А еще он вспомнил, как к нему по утрам приходила Дунечка в длинных полосатых брючках и в теплой кофточке, забиралась к нему на грудь и просила:

- Побеседуй со мной, пожалуйста, а я тебе расскажу, что мне во сне показывали.

<Неужели этого никогда не будет? - подумал Степанов. - Никогда, никогда? Наверное, я должен был не давать развода и постараться еще раз объяснить все про себя, но ведь нет ничего обиднее, когда приходится выскребывать себя тому человеку, которого считал самым близким, который все понимал и обязан был понимать>.

Он поднялся наверх и остановился возле Никитиной квартиры.

Соседка отворила дверь и сказала:

- Что ж вы на площадке-то? Заходите, у нас подождете.

- Спасибо.

- Заходите, заходите.

Степанов вошел в квартиру. Его провели в длинную комнату, где мужчина и мальчик смотрели телевизор. В смежной комнате стояли подряд три кровати, и на них спали дети - два мальчика и маленькая девочка. Они все были укрыты одинаковыми одеялами, и головы у них были одинаково подстрижены под горшок. На полу, в изголовье у девочки, - она была самой маленькой, лежала кукла с оторванной ногой.

Степанов спросил:

- Самая любимая?

Мужчина, сидевший у телевизора, и мальчик враз обернулись и недоуменно посмотрели на Степанова.

- Это я про куклу с оторванной ногой, - пояснил Степанов, - она, верно, самая любимая у девочки.

Но его снова не поняли, и Степанов сказал:

- Это я так, ничего. Не беспокойтесь, пожалуйста.

Мужчина и мальчик снова обернулись к телевизору. Шла передача <Здоровье>, и круглолицый врач с бритой головой обстоятельно рассказывал про то, как надо сохранять вечную молодость.

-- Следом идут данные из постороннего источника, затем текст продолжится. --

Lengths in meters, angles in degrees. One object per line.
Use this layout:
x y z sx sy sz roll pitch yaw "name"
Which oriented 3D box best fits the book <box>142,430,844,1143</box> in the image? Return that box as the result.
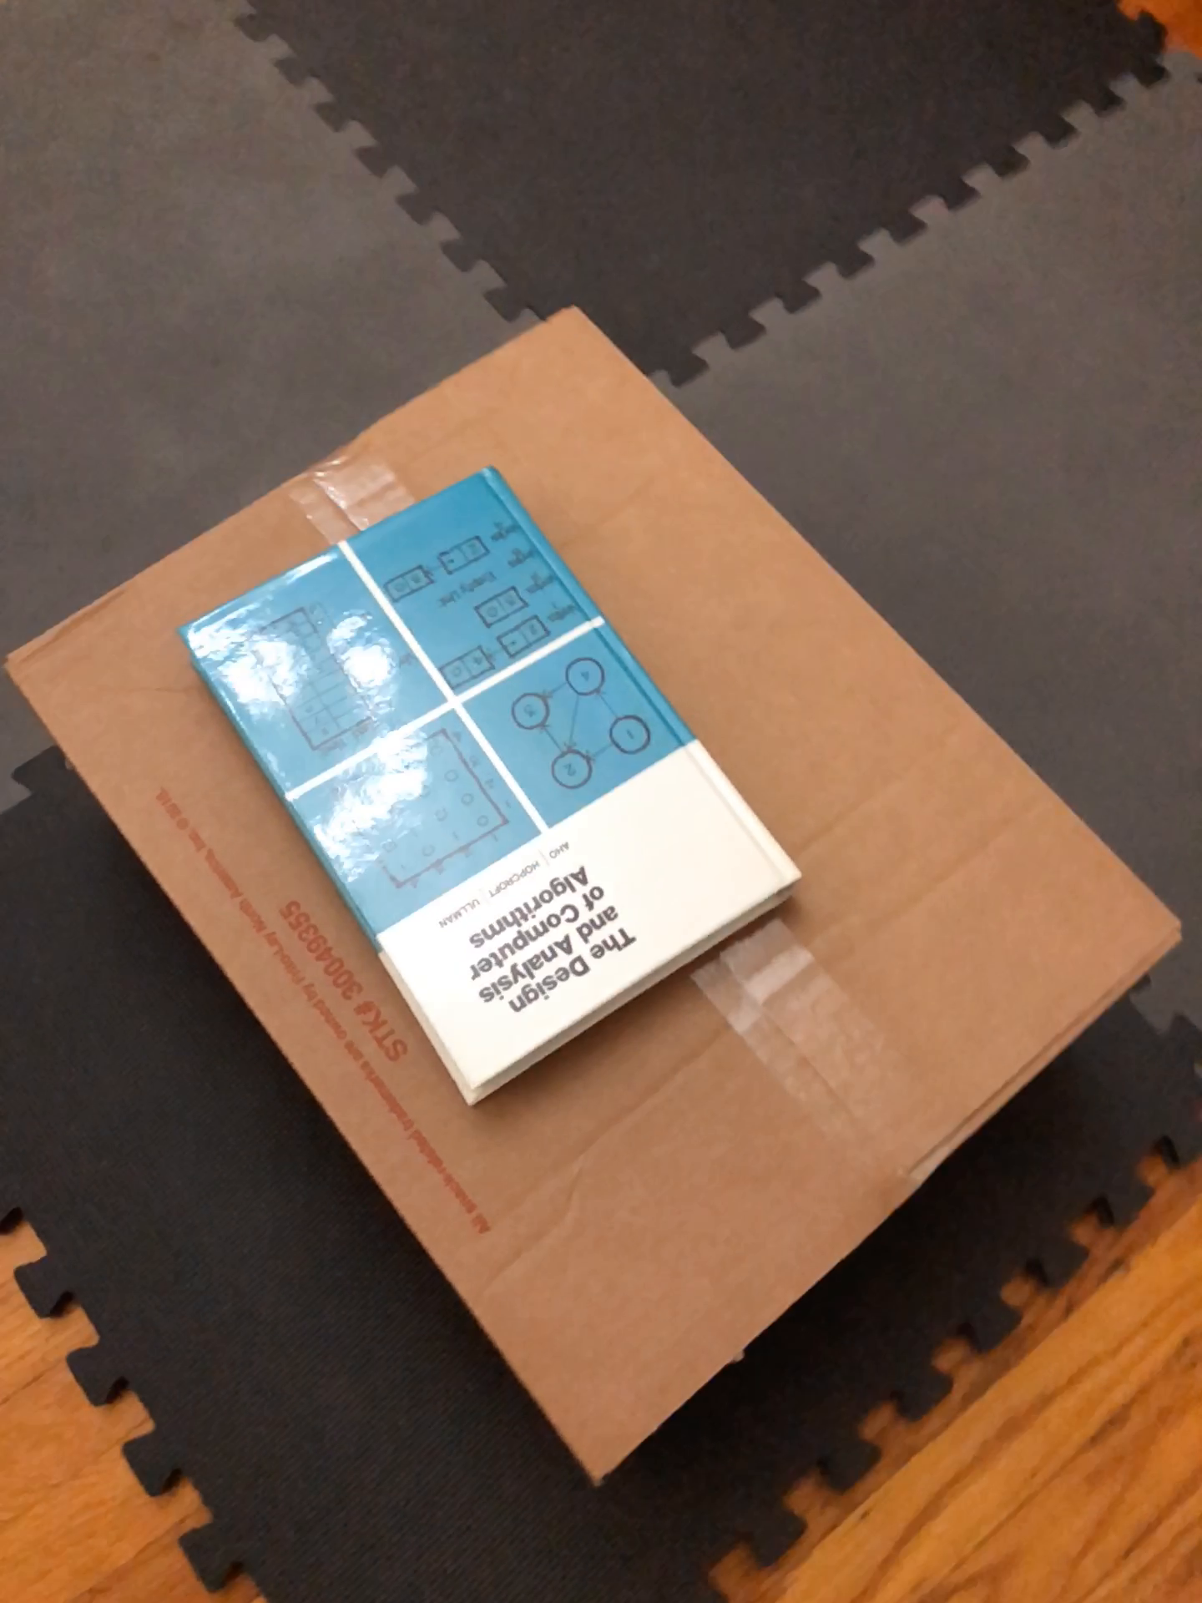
-0.050 -0.017 0.584 0.190 0.040 0.260 -31 74 -14 "book"

Женщина стояла за спиной у Степанова, сосредоточенно слушала передачу и гладила детские рубашки.

<Вот так, - подумал Степанов. - У меня на сердце страх, тревога и смятение. А у них спокойно, вот и телевизор их не раздражает, и рядом спят трое карапузов, а четвертый сидит возле отца и слушает белиберду про то, как надо сохранять вечную молодость>.

- Позвольте, я посмотрю, не вернулся ли он, - сказал Степанов.

- Тут слышно. Мы б услышали.

- Да?

- Конечно. Между прочим, я давно хотела с вами о племянничке поговорить. Хороший он мальчик, только домой так поздно приходит, так поздно... А еще как соберутся, так песни орут, так орут, так орут...

- Песни плохие, - сказал мужчина у телевизора. - Морального в них мало. А парень он хороший, это верно. Обходительный.

Мальчик, сидевший возле отца, сказал:

- И ничего не плохие песни, пап, а очень хорошие.

Мужчина поглядел на Степанова, сбросил со лба на глаза очки в толстой коричневой оправе и сказал:

- Вот, пожалуйста: отцы и дети. А говорят, нет проблемы.

- Проблемы нет, - сказал Степанов, - просто есть отцы и дети.

- Мура, собери чайку, - попросил мужчина.

- Сейчас закипит - сядем.

Степанов сказал:

- Мне очень неловко... Я к вам ворвался, а вы отдыхаете.

- Да бросьте вы, ей-богу, - буркнул мужчина. - Ну что вы как дамочка.